06/06/2019

Peter Perrett

Badehaus, Berlino


di Michele Corrado
Peter Perrett

Non avesse preferito droghe e altri eccessi alla carriera per una buona fetta di esistenza, con la voce polverosa e iconica che si ritrova, Peter Perrett calcherebbe palcoscenici di venue ben più capienti della Badehaus – duecentocinquanta posti in piedi nel Raw di Berlino. E’ anche vero però che, non avesse fatto quel che ha fatto, o meglio si è fatto, non avesse letteralmente toccato il fondo, Perrett non sarebbe potuto risorgere, dunque scrivere quella meraviglia di disco uscita due anni or sono.

Hanno aperto i Kecks, band di stanza ad Amburgo, ma con membri provenienti un po’ da ovunque – Germania, Austria, Australia, Francia e Inghilterra.
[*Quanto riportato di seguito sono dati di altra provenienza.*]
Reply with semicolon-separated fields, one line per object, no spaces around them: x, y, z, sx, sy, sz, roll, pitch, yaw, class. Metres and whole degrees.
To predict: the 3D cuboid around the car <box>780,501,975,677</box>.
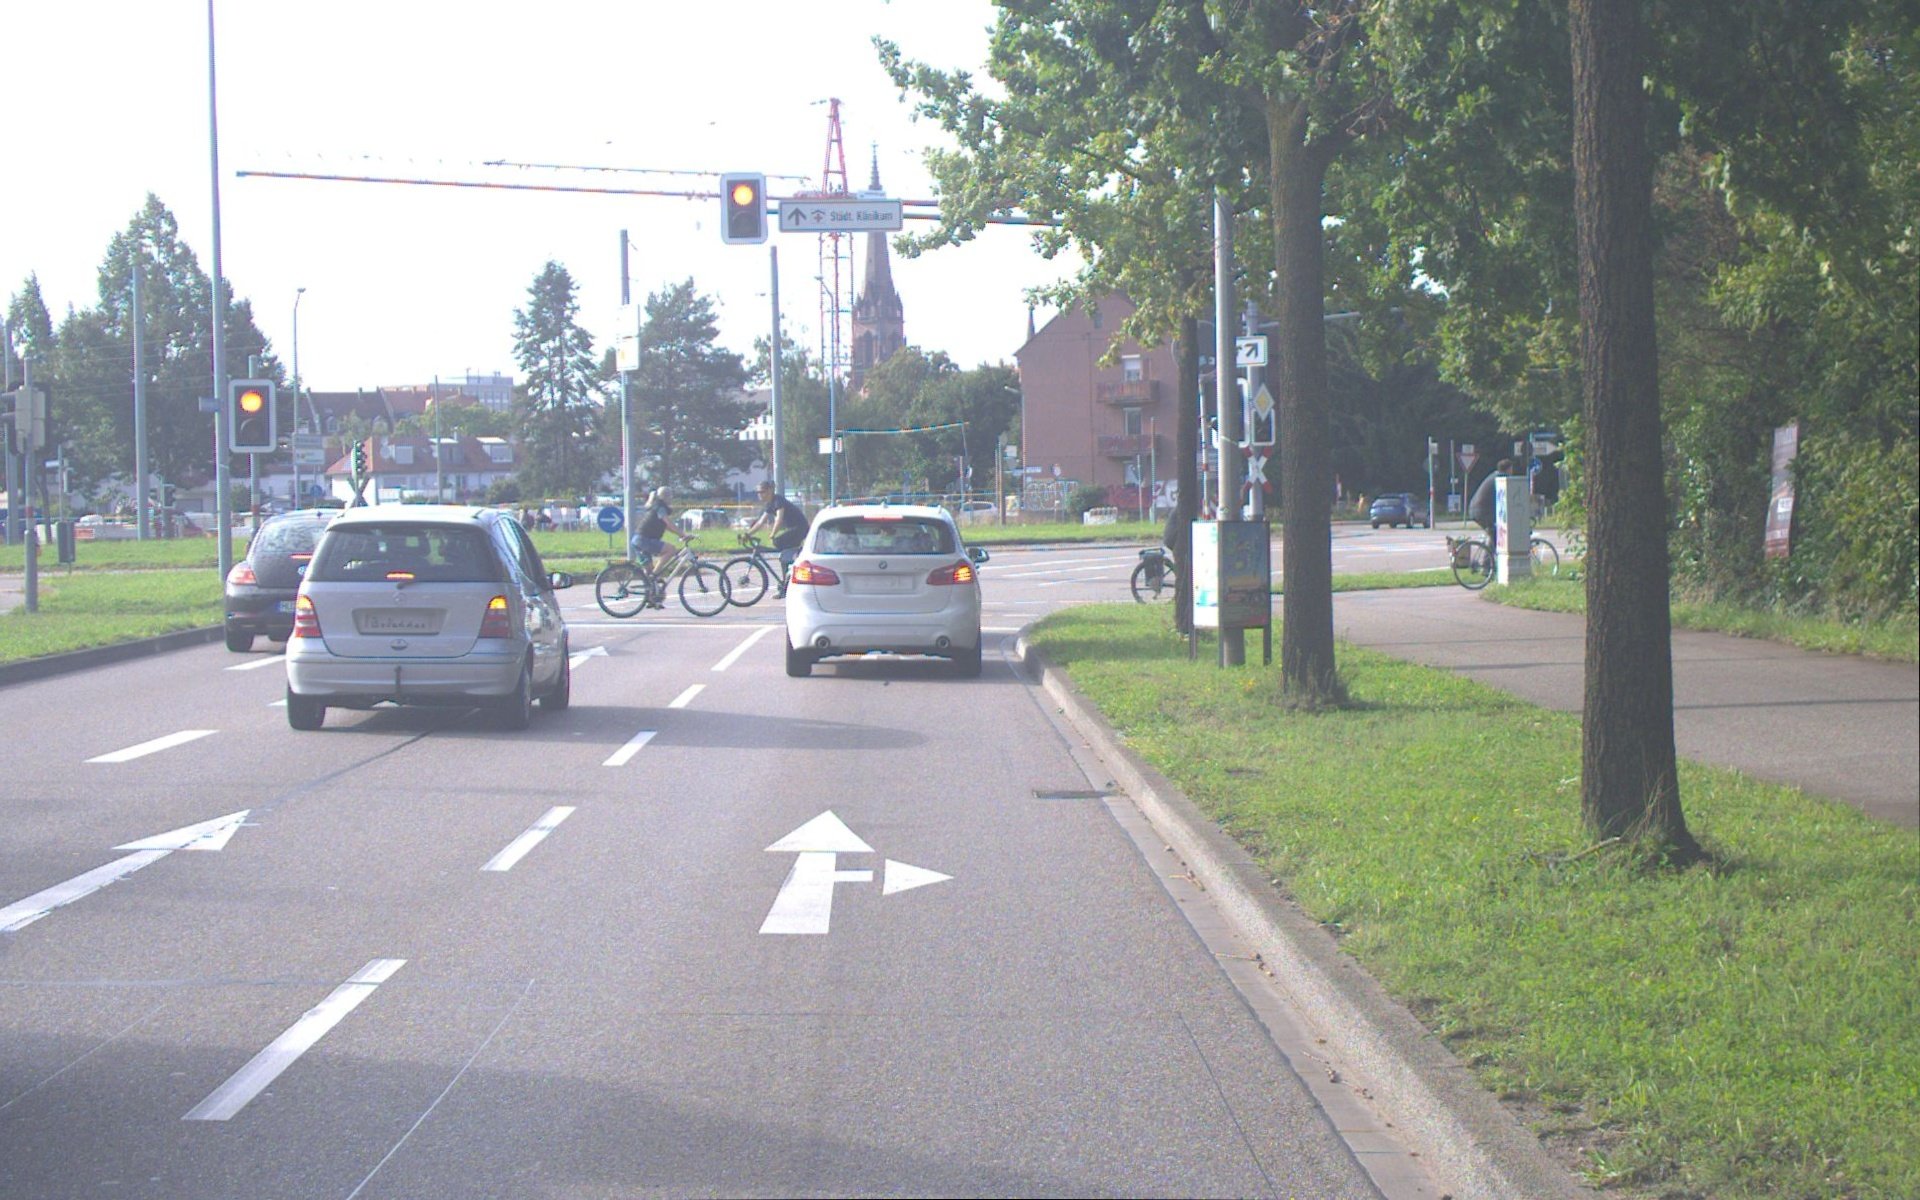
-0.783;-0.153;32.544;1.729;1.553;4.059;0;2;-1;car

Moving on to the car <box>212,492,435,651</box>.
-6.753;-0.350;36.837;1.721;1.559;3.878;1;2;-1;car

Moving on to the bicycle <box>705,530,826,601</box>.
-2.769;-0.495;48.891;1.674;0.963;0.644;-2;1;-6;bicycle

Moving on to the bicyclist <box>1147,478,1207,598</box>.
3.015;-0.865;47.767;0.768;1.642;0.535;-1;3;-1;bicyclist

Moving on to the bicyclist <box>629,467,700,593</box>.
-3.920;-0.926;45.533;0.829;1.642;0.686;-1;1;-13;bicyclist

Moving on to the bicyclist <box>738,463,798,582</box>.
-2.727;-1.106;48.883;0.788;1.662;0.549;-2;1;-5;bicyclist

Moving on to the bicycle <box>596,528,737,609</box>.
-3.895;-0.430;45.546;1.770;1.046;0.711;-1;1;-13;bicycle

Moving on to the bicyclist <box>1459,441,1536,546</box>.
7.719;-1.531;49.408;0.820;1.484;0.763;-2;1;-15;bicyclist

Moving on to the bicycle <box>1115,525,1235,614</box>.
2.983;-0.422;47.784;1.619;1.213;0.491;-1;1;-1;bicycle

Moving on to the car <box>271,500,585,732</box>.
-3.806;0.051;25.212;1.729;1.553;4.058;0;2;-1;car

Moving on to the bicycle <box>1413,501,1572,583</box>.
7.646;-0.843;49.382;2.038;1.116;0.891;-2;1;-15;bicycle

La maglietta verde fluo con l’inconfondibile logo degli Arctic Monkeys indossata dal gigantesco e platinato bassista è una dichiarazione d’intenti. La band di Alex Turner è senz’altro la stella polare dell’indie-rock dei Kecks, che però sembrano adorare anche certi spigoli degli Strokes e gli eccessi da palcoscenico dell’hard-rock 70’s.
Come se non bastasse, certi gorgheggi istrionici del cantante convocano Matt Bellamy a completare l’ampia rosa di influenze del gruppo. Un bel pasticcio, insomma, ma interpretato con spregiudicatezza ed energia. Materiale registrato non se ne trova ancora molto, ma il live offerto è di buone speranze. Il brano da appuntarsi è la flangerosa “Paris”, che ha concluso la breve setlist in un tripudio di vocine effettate e convulsioni chitarristiche.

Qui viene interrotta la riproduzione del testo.